You are planning to purchase a $120,000 house by making a down payment of $20,000 and borrowing the remainder with a 30- year fixed- rate mortgage with monthly payments. The first payment is due at t = 1. Current mortgage interest rates are quoted at 8 percent with monthly compounding. What will your monthly mortgage payments be?
All right explain to me why my logic is not right:
Im paying $20000 today so this should be PV, The total payment in the future is $120000, as the rate is month would be 0,08/12 = 0,006667 and t=30*12=360
When I put this in my HP12c:
PV = 20.000 CHS
FV = 120.000
I = 8 ENTER 12 /
N = 12 ENTER 30 X
PMT = 66,235
but the answer is the book is $733,76 how is my logic not right?
The question is about the loan, not about the purchase of the house.

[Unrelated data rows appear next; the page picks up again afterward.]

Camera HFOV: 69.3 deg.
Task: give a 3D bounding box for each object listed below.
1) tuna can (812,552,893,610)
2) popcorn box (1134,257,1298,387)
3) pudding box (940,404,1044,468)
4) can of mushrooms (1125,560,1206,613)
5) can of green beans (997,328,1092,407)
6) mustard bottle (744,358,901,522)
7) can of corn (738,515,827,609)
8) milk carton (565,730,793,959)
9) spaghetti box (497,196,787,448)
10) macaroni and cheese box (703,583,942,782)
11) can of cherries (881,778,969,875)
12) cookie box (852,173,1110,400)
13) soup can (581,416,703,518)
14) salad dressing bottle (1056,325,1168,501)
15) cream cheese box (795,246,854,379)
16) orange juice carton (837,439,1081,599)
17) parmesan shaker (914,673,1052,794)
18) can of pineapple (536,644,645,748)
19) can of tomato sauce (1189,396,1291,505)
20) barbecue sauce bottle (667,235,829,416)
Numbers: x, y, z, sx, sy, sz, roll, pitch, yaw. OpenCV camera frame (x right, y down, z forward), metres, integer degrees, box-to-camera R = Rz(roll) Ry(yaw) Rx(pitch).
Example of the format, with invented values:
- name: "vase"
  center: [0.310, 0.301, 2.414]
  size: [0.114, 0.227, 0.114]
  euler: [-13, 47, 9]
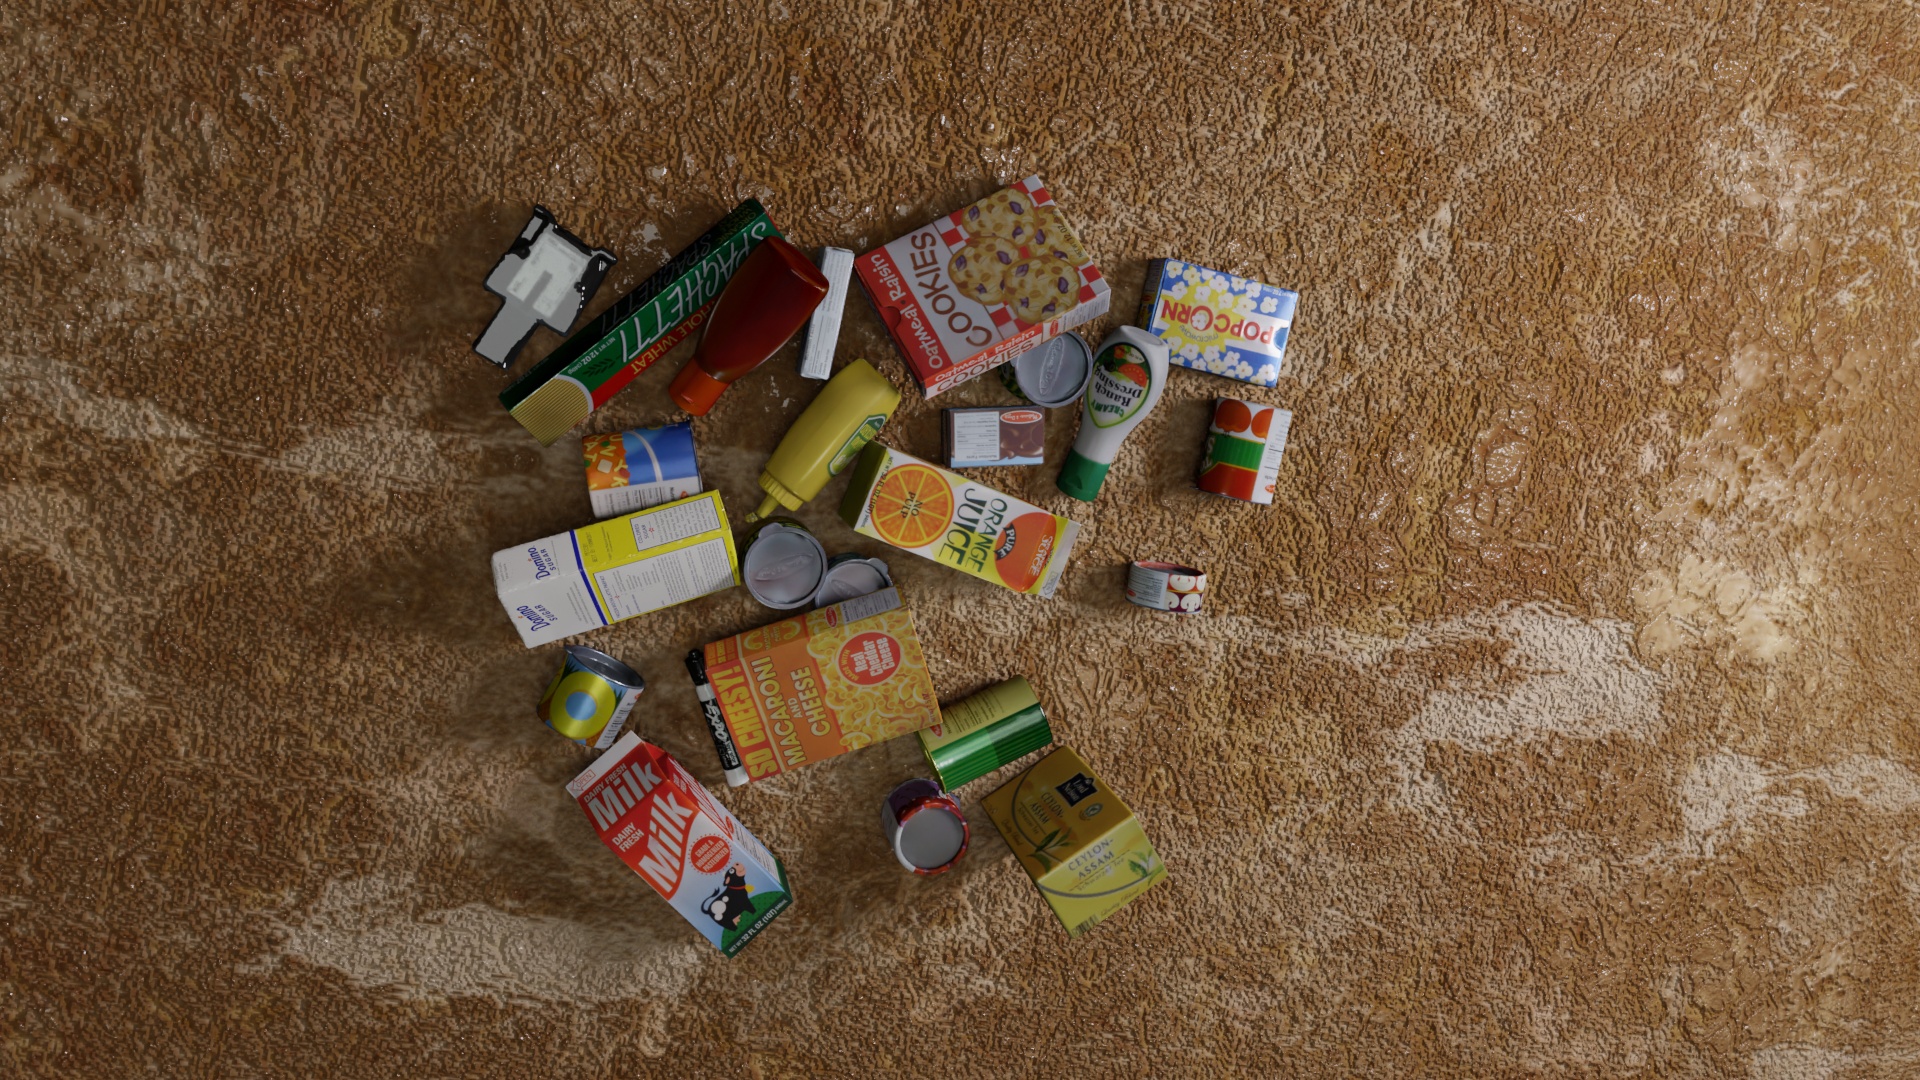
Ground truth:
- name: "tuna can"
  center: [-0.089, 0.042, 1.152]
  size: [0.071, 0.033, 0.071]
  euler: [-3, 101, -14]
- name: "popcorn box"
  center: [0.215, -0.185, 1.185]
  size: [0.127, 0.038, 0.085]
  euler: [11, 96, -16]
- name: "pudding box"
  center: [0.027, -0.087, 1.159]
  size: [0.084, 0.030, 0.049]
  euler: [-4, 100, -14]
- name: "can of mushrooms"
  center: [0.180, 0.040, 1.204]
  size: [0.071, 0.071, 0.033]
  euler: [5, 99, -15]
- name: "can of green beans"
  center: [0.068, -0.145, 1.145]
  size: [0.071, 0.058, 0.071]
  euler: [-3, 101, -14]
- name: "mustard bottle"
  center: [-0.115, -0.072, 1.109]
  size: [0.049, 0.065, 0.160]
  euler: [42, 93, 12]
- name: "can of corn"
  center: [-0.145, 0.014, 1.119]
  size: [0.071, 0.058, 0.071]
  euler: [-3, 101, -14]
- name: "milk carton"
  center: [-0.228, 0.242, 1.131]
  size: [0.072, 0.073, 0.190]
  euler: [-42, 107, -3]
- name: "spaghetti box"
  center: [-0.239, -0.168, 1.067]
  size: [0.250, 0.029, 0.050]
  euler: [-39, 141, -4]
- name: "macaroni and cheese box"
  center: [-0.110, 0.117, 1.133]
  size: [0.167, 0.040, 0.123]
  euler: [-17, 121, -4]
- name: "can of cherries"
  center: [-0.028, 0.244, 1.190]
  size: [0.071, 0.058, 0.071]
  euler: [-3, 101, -13]
- name: "cookie box"
  center: [0.016, -0.202, 1.100]
  size: [0.168, 0.040, 0.123]
  euler: [-27, 72, -8]
- name: "soup can"
  center: [-0.246, -0.058, 1.078]
  size: [0.084, 0.071, 0.071]
  euler: [-9, 102, -12]
- name: "salad dressing bottle"
  center: [0.124, -0.104, 1.157]
  size: [0.064, 0.044, 0.147]
  euler: [28, 113, 15]
- name: "cream cheese box"
  center: [-0.108, -0.179, 1.096]
  size: [0.024, 0.053, 0.103]
  euler: [10, 97, -14]
- name: "orange juice carton"
  center: [0.004, -0.014, 1.144]
  size: [0.193, 0.073, 0.071]
  euler: [21, 94, -17]
- name: "parmesan shaker"
  center: [0.020, 0.166, 1.182]
  size: [0.103, 0.071, 0.071]
  euler: [-24, 105, -9]
- name: "can of pineapple"
  center: [-0.294, 0.122, 1.097]
  size: [0.071, 0.071, 0.058]
  euler: [30, 92, -17]
- name: "can of tomato sauce"
  center: [0.242, -0.078, 1.198]
  size: [0.071, 0.071, 0.083]
  euler: [10, 97, -16]
- name: "barbecue sauce bottle"
  center: [-0.168, -0.160, 1.067]
  size: [0.065, 0.044, 0.148]
  euler: [40, 110, -8]

You can look at this from the lender’s (bank’s) point of view or from the borrower’s (home buyer’s) point of view. The value of the loan today is $100,000 and in 30 years $0. The down payment doesn’t come into the calculation. (Well, it does, sort of: $100,000 = $120,000 − $20,000.)
I’m on this right now and I can’t even understand the formula in curriculum as they are using pv = a(1-(1+r)n/r) which is obvious but they continue with present value annuity factor = 1 - 1/1+(rs/m)mN/rs/m - where is formula come from? there are no mention about this formula in curriculum? What I’ve missed?